DECIPHERING REGULATORY MECHANSIMS DRIVING DRAVET SYNDROME IN BRAIN ORGANOIDS

Dravet syndrome (DS) is one of the most common developmental epileptic encephalopathies (DEEs), characterized by early onset epilepsy and severe neurodevelopmental impairment. Brain organoids enable the recapitulation of developmental processes, molecular mechanisms underlying cell differentiation and mimic the spatial organization and structural architecture of the developing human brain. Furthermore, assembloids, created by integrating different types of organoids, allow us to study interactions driven by distinct genotypes, offering a more comprehensive model of brain development and disease mechanisms. In this project, we aim to understand potential defects in excitatory/inhibitory imbalance and neuronal migration in Dravet syndrome compared to control organoid models.
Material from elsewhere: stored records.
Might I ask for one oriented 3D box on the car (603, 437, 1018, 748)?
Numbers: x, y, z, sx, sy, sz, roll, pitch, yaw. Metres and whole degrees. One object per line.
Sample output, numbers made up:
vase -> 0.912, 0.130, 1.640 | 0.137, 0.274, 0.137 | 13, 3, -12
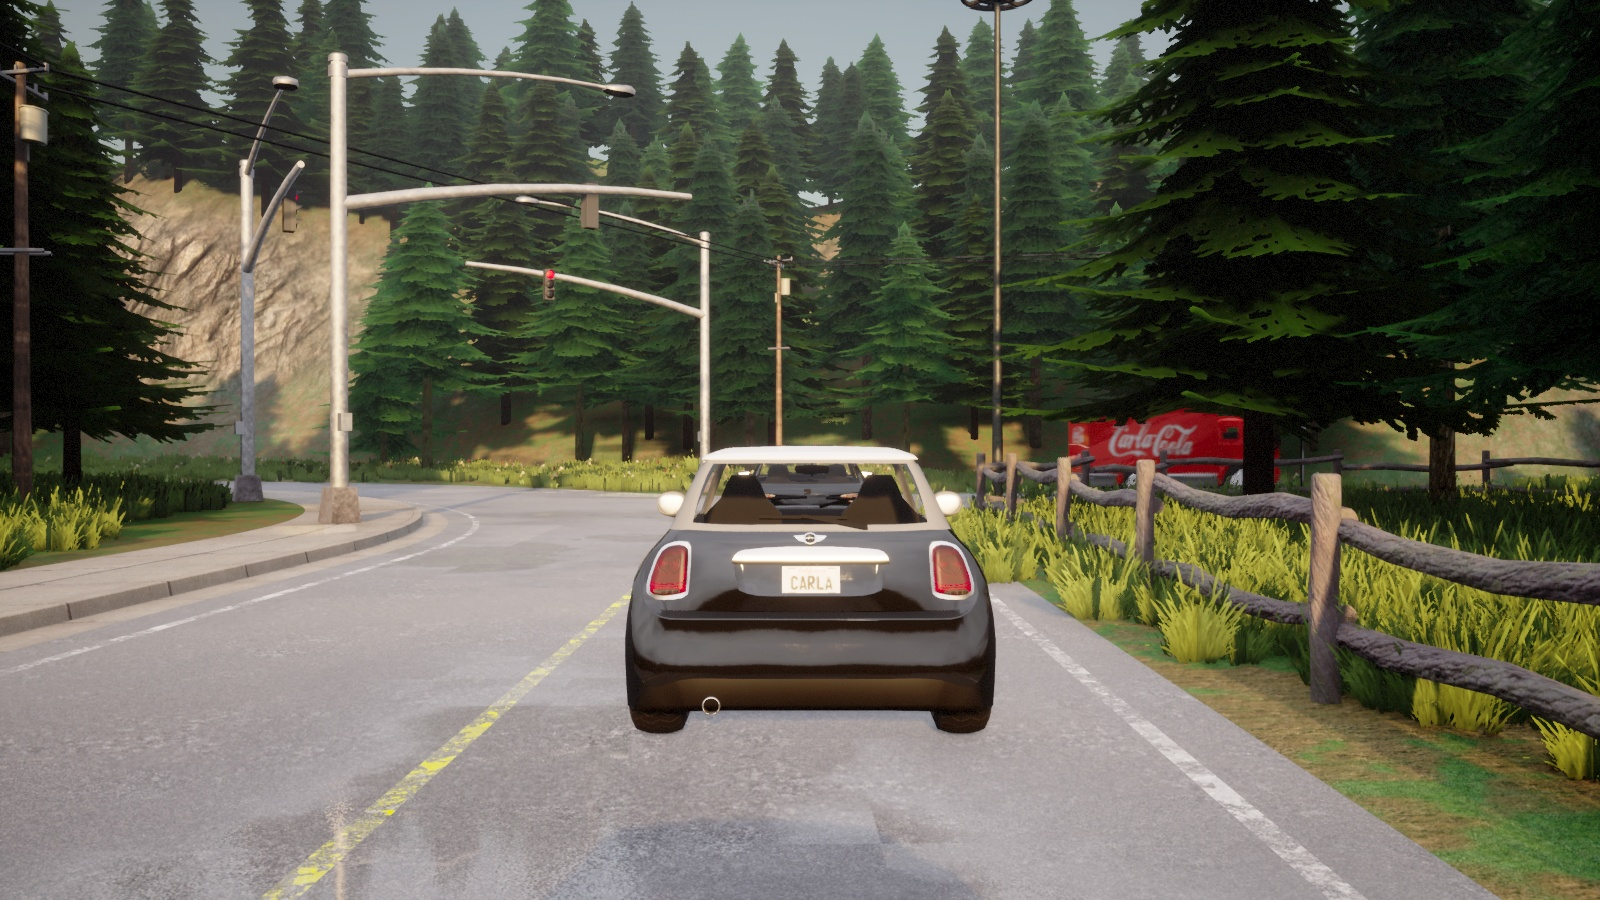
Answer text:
car -> 0.058, 0.668, 7.864 | 1.970, 1.475, 3.806 | 0, 0, 0

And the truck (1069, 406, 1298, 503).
truck -> 9.973, 0.110, 33.025 | 5.204, 2.467, 2.627 | 0, 0, -1
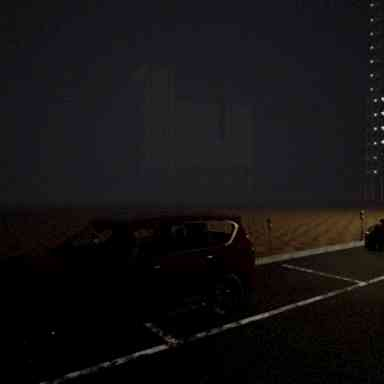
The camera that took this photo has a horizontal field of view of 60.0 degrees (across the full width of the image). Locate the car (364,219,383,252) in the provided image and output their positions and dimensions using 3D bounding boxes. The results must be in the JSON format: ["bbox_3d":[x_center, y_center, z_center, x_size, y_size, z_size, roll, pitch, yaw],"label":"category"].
[{"bbox_3d":[8.224,1.408,12.421,4.097,1.590,1.967,0,1,-36],"label":"car"}]

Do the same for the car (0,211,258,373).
[{"bbox_3d":[-1.033,1.310,5.814,5.009,1.841,2.192,0,1,-36],"label":"car"}]
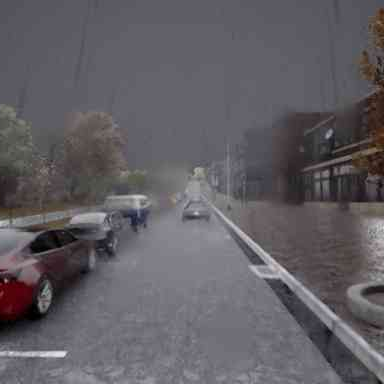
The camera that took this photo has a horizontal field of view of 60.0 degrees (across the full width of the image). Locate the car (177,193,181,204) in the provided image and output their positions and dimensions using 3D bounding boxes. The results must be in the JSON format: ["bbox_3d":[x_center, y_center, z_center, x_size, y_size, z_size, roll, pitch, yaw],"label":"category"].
[{"bbox_3d":[-3.197,1.231,46.120,2.097,1.535,5.008,0,1,3],"label":"car"}]

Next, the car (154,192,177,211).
[{"bbox_3d":[-3.301,1.059,36.235,2.435,2.045,5.566,0,0,1],"label":"car"}]

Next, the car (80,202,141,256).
[{"bbox_3d":[-3.546,1.405,12.837,2.231,1.521,4.892,0,1,-1],"label":"car"}]

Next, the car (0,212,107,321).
[{"bbox_3d":[-3.604,1.465,7.326,2.163,1.488,4.792,0,1,-1],"label":"car"}]

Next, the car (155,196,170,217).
[{"bbox_3d":[-3.371,1.373,29.492,2.002,1.452,4.674,0,0,1],"label":"car"}]

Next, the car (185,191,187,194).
[{"bbox_3d":[-2.908,1.137,73.856,2.231,1.521,4.892,0,0,3],"label":"car"}]

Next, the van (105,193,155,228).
[{"bbox_3d":[-3.481,1.169,18.520,1.878,1.987,4.442,0,0,3],"label":"van"}]

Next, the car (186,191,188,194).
[{"bbox_3d":[-2.850,1.093,79.397,2.097,1.535,5.008,0,0,3],"label":"car"}]

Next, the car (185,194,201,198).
[{"bbox_3d":[0.508,1.312,41.671,2.033,1.411,5.357,0,0,1],"label":"car"}]

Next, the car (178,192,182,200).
[{"bbox_3d":[-3.139,1.218,51.667,2.097,1.535,5.008,0,0,3],"label":"car"}]

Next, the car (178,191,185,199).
[{"bbox_3d":[-3.025,1.171,61.919,1.946,1.575,5.366,0,0,3],"label":"car"}]

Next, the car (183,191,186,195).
[{"bbox_3d":[-2.966,1.160,68.301,2.097,1.535,5.008,0,1,3],"label":"car"}]

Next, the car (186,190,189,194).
[{"bbox_3d":[-2.756,0.776,88.348,2.435,2.045,5.566,0,0,3],"label":"car"}]

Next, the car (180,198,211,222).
[{"bbox_3d":[0.332,1.418,24.616,1.994,1.385,4.181,0,0,1],"label":"car"}]

To achieve this, we developed organoids and assembloids at different time points using unguided protocols (Lancaster (2014)) to explore how the cell environment influences chromatin accessibility and epigenetic regulation. Brain organoids and assembloids were generated from Dravet induced pluripotent stem cell line (iPSCs) and human control embryonic stem cell line (H9 line) with cherry reporter. We obtain (H9::mCherry), Dravet organoids and assembloids (H9::mcherry+DS) at day 90 and dissected them in three pieces obtaining three different regions: the DS14 derived region, the intersection region and the H9::mCherry enriched region. Chromatin accessibility was profiled using ATAC-seq and compared across organoids and assembloid regions. Interestingly, the intersection region clustered more closely with DS14 genotype than with H9 genotype. These findings suggest that the DS genotype may exert a dominant, non–cell-autonomous influence on the surrounding cellular environment. Further analyses are required to elucidate the molecular mechanisms underlying this effect.